This rant is a reaction to a LinkedIn post I was tagged in because i promote citizen data science.
There’s a lot of bullshit being sold about data science.
And for every person who thinks they’re the data science unicorn and all the rest aren’t skilled enough, there’s a company proving otherwise.
I’ve talked with a lot of people about this topic and presented on why I believe Microsoft i supporting this with their tooling.
Read on for some ranting and reasoning.
It doesn’t only boil down to tooling but also to making knowledge accessible for everyone.
We’ve already seen this with everything else in history.
From reading and writing to maths to cars to electronics and now even computers.
All these fields used to be considered super hard and special and only a few had access to the education to apply/practice them.
Data science isn’t a special field compared to those things, so people should really get off their high horse.
Will an amateur mathematician or amateur programmer be as good as someone who’s been trained for it?
Most likely not, but sometimes magic happens.
Amateurs invent cool stuff in their garage that has a lasting impact (Apple).
Teenagers write websites that change the world (google, facebook).
And I’m sure you can imagine even more examples.
Keeping enthusiastic people away from data science (or any field) because they don’t fit the profile in your head is a disaster to data literacy.

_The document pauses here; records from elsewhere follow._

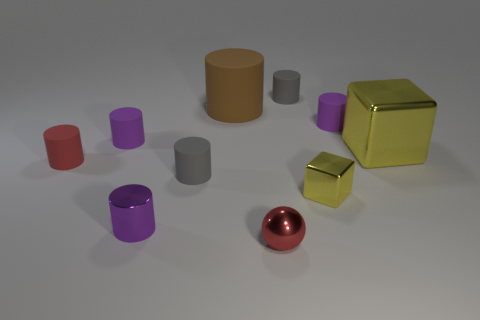There is a red matte object; is it the same size as the block to the right of the small yellow shiny thing?
Your response must be concise. No. Is the number of large blue rubber cylinders the same as the number of big objects?
Your answer should be compact. No. How many small purple metallic cylinders are to the right of the tiny gray rubber thing that is in front of the gray rubber cylinder that is behind the large shiny cube?
Make the answer very short. 0. There is a small red matte cylinder; how many small yellow shiny blocks are behind it?
Your answer should be very brief. 0. There is a big rubber cylinder behind the gray cylinder that is in front of the large brown matte cylinder; what is its color?
Your answer should be compact. Brown. What number of other things are there of the same material as the small red sphere
Your answer should be very brief. 3. Are there the same number of small yellow cubes in front of the small shiny cube and tiny red balls?
Provide a short and direct response. No. What is the material of the yellow thing on the left side of the purple cylinder that is right of the tiny purple cylinder in front of the tiny red cylinder?
Provide a short and direct response. Metal. There is a tiny rubber object to the right of the small cube; what is its color?
Your answer should be very brief. Purple. Is there anything else that has the same shape as the large yellow thing?
Give a very brief answer. Yes. 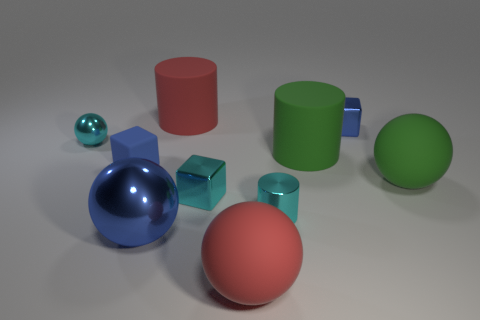Subtract all green balls. How many balls are left? 3 Subtract all tiny cyan cylinders. How many cylinders are left? 2 Subtract all cubes. How many objects are left? 7 Subtract 3 spheres. How many spheres are left? 1 Subtract all cyan spheres. How many blue blocks are left? 2 Add 3 cyan things. How many cyan things are left? 6 Add 3 large red matte things. How many large red matte things exist? 5 Subtract 0 gray cylinders. How many objects are left? 10 Subtract all green blocks. Subtract all red spheres. How many blocks are left? 3 Subtract all rubber things. Subtract all tiny blue metallic spheres. How many objects are left? 5

It’s the same as keeping people away from schools because they don’t fit your view of what a student should know or look like.
These enthusiastic people, these power users, these citizen data scientists, they are what drives adoption and they actually help promote a “real” data scientist. This is even more true if you’re one of those academics that believe they are better than others due to the level of your education or the things you know.
Just stop fearing “regular people”, because that’s the real force driving these data scientists on their high horse telling you nothing good will come from citizen data science.
A recent and good example is the BI industry.
Self-service BI has had the same comments.
“Regular people are too dumb for BI”, “They will create bad data models”, “They don’t know the tooling”, “Think of the load on our database when everyone starts querying ad-hoc”, “This will never work because you lack governance”, etc.
Self-service BI in it’s literal form, where you throw a tool at people not trained in business intelligence, is doomed to fail.
But when you start cooperating and looking for ways to make it work, magic happens.
Suddenly there’s an army of people running experiments and even if only 1 out of 100 is useful, they will still accomplish a lot more than your small data science team will be able to do in the same period.
But you need to build a layer and tooling that serves people.
There are already companies which enable non-data-scientists to run predictive experiments thanks to internal tooling. Example: Airbnb (https://medium.com/airbnb-engineering/how-airbnb-democratizes-data-science-with-data-university-3eccc71e073a)
Again, tooling is what is driving this and another nice example is the Department of Defense, just watch this conference talk: (https://www.youtube.com/watch?v=glrBe2zwihc).
There are even data science community leaders who believe in citizen data science.
David Robinson is my favourite example, mainly because he’s really well known (https://www.datacamp.com/community/podcast/citizen-data-science).
The question is not “will it happen” or “why should it happen”.
History has already thought us that it will happen if people are interested (and they are).
The only real question is “How can we help make it happen sooner and better“.